312. Liberty of the crew to complain.--The master of a vessel is required by law to give the crew full liberty to lay their complaints before the consular officer, and not to restrain them from coming ashore, unless some sufficient and valid objection exist thereto; in which case, if any mariner desire to see the consular officer, it shall be the duty of the master to acquaint the latter forthwith, stating the reason why the mariner is not permitted to land, and that he is desired to come on board. The consular officer, on receiving such information, will repair on board without delay, and inquire into the causes of the complaint, and will proceed therein as the law directs.R. S., sec. 4567.

313. Right of complaint protected by courts.—The right of the seaman to lay his complaint before the consular officer in a foreign port is one of great importance to him, and is carefully protected by the courts. When a seaman files a libel in a court of admiralty and maritime jurisdiction, alleging that the master had maltreated him while in the service of the ship, and his allegations are proved, the court decrees damages in accordance with the facts.

And if it appear that the master denied the seaman liberty to lay his complaints before the consular officer in a foreign port, such denial is an aggravation of his offense and enhances the amount of the decree. And in particular instances, by act of Congress, a penalty is imposed upon a master who refuses his erew the right to lay their complaints before the consul. R.S., sec. 4567; 1 Sprague, 62; Id. 163; 1 Curtis, 69.

314. Consul to see that right is allowed.—The consular officer is regarded as the adviser and counsel of the seaman, and it is enjoined upon him to see that the latter is unrestricted in the privilege to submit his complaint. If there is reason to believe that a seaman is restrained in any way from appearing at the consulate, in order to prevent his application to the consular officer, the latter will not wait for the complaint, but will at once proceed on board or take the proper steps to secure his appearance before him. The investigation of these cases is often tedious, the evidence is apt to be conflicting, and the consular officer will require the use of all his good judgment, forbearance, discretion, and good temper.

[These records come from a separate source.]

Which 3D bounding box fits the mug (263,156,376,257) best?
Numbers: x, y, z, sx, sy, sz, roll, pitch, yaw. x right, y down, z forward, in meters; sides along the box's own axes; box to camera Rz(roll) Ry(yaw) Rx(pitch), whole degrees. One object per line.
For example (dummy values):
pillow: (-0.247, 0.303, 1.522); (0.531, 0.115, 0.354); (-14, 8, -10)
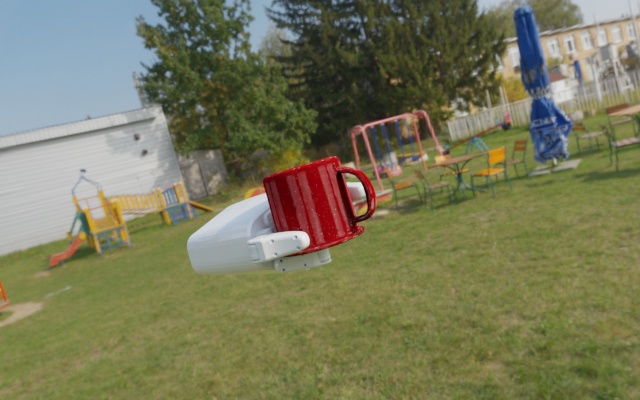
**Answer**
mug: (0.001, 0.001, 0.479); (0.117, 0.081, 0.093); (-14, 5, 33)
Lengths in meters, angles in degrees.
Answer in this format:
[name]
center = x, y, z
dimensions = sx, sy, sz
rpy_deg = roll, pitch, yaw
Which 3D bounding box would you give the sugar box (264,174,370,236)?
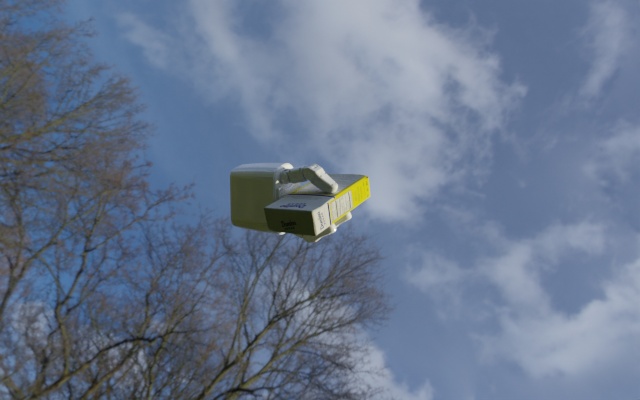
[sugar box]
center = 0.000, 0.003, 0.771
dimensions = 0.093, 0.048, 0.176
rpy_deg = 4, 24, 34
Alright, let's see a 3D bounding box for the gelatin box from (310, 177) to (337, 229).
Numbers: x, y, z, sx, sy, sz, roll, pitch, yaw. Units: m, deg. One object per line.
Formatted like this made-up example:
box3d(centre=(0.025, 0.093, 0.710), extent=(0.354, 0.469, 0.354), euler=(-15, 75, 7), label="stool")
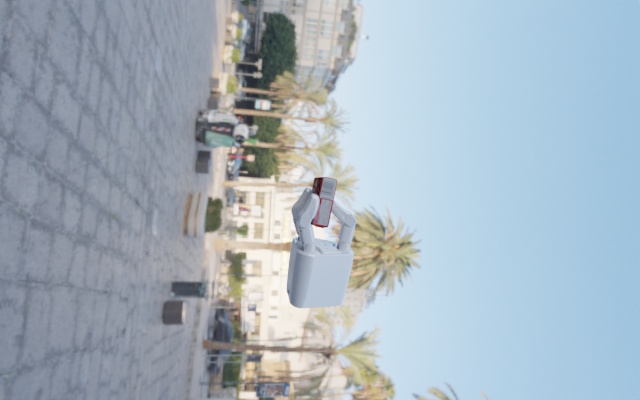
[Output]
box3d(centre=(0.001, 0.003, 0.862), extent=(0.030, 0.089, 0.073), euler=(11, -1, -13), label="gelatin box")
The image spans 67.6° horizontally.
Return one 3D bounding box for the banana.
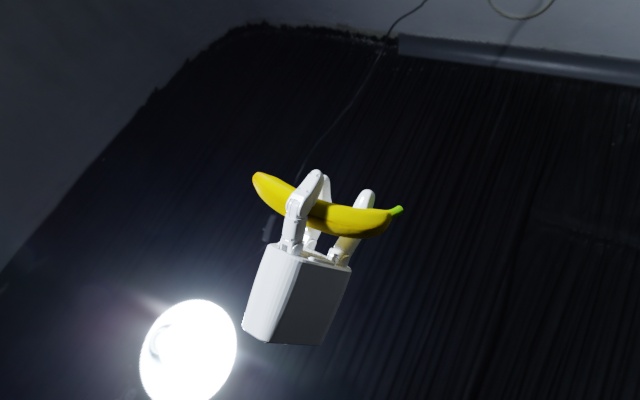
[{"bbox_3d":[-0.002,0.009,0.583,0.198,0.037,0.069,16,25,10],"label":"banana"}]
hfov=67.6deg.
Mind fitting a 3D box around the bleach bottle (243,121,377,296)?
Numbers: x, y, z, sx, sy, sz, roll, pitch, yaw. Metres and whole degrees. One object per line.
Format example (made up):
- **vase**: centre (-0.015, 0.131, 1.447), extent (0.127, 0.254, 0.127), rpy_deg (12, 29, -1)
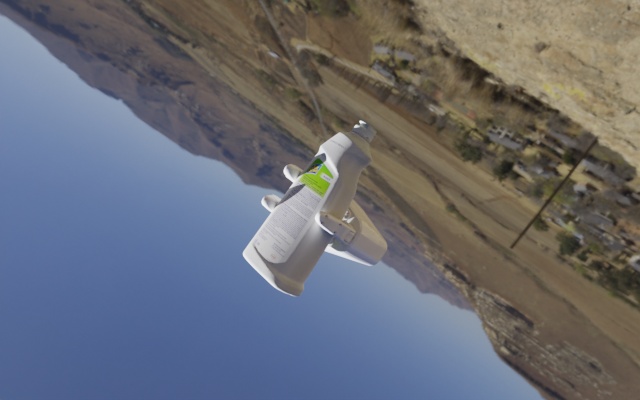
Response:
- **bleach bottle**: centre (0.000, 0.002, 0.666), extent (0.102, 0.251, 0.068), rpy_deg (36, 1, 38)
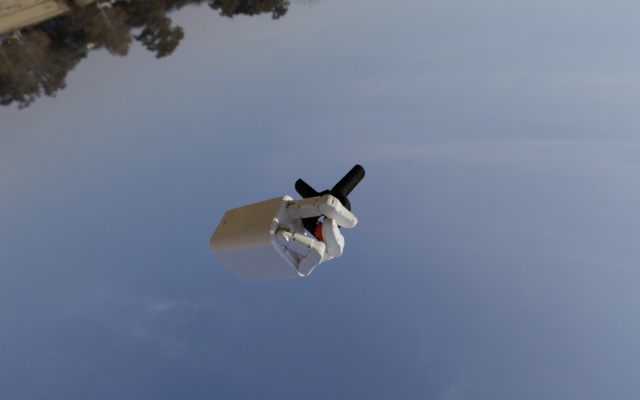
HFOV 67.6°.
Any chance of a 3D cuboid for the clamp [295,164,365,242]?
[{"bbox_3d":[0.000,0.003,0.742,0.120,0.039,0.171,-14,28,25],"label":"clamp"}]

315. Complaint of unseaworthiness.—Provision has been made by statute for the examination of complaints in respect to the unseaworthy condition of the vessel and insufficient equipment or supplies, and for the proceedings of consular officers in such cases.

It is the duty of the latter, when such complaints are submitted to him, to appoint inspectors to examine into the causes of complaint, who have authority to inspect the vessel and to take the necessary proofs. The consular officer may approve the whole or any part of the inspectors' report; and if it is found that the vessel was sent to sea unsuitably provided, by neglect or design, he may discharge the crew with the arrears of wages and one month's extra wages. (Paragraphs 207, 243.) If, however, the deficiencies were the result of mistake or accident, and are remedied within a reasonable time, the crew must remain; if not so remedied, the consular officer may discharge the crew, on their request, with the arrears of wages, but without any extra wages. (Paragraph 208.) Provision has also been made for the payment of the expenses of these proceedings by the master or those of the crew who make the complaint, and for a penalty on the master for refusal. In cases of this kind the consular officer will be careful to consult the full text of the statute.-R. S., secs. 4559–4563.

316. Complaint as to provisions or water. When three or more of the crew of any merchant ship of the United States, engaged according to the provisions of the statute, make complaint to a consular officer of the United States that the provisions or water for the use of the crew are at any time of bad quality, unfit for use, or deficient in quantity (see Form No. 27), such officer shall thereupon examine the said provisions or water or cause them to be examined, and, if they are found to be of bad quality and unfit for use, or deficient in quantity, he shall signify the same in writing to the master of the ship (Form No. 28). If the master shall not thereupon provide other provisions or water when the same can be had, or does not procure the requisite quantity, or uses any which have been thus signified to be bad, he shall, in every case, incur a penalty not exceeding $100. In each case the consular officer will enter the result of the examination in the log book of the vessel (Form No. 29) and send a report thereof to the district judge of the port to which the vessel is bound (Form No. 30). If he certifies in such statement that there was no reasonable ground for the complaint, each party complaining shall be liable to forfeit to the master or owner one week's wages out of his wages.-R. S., secs. 4565, 4566.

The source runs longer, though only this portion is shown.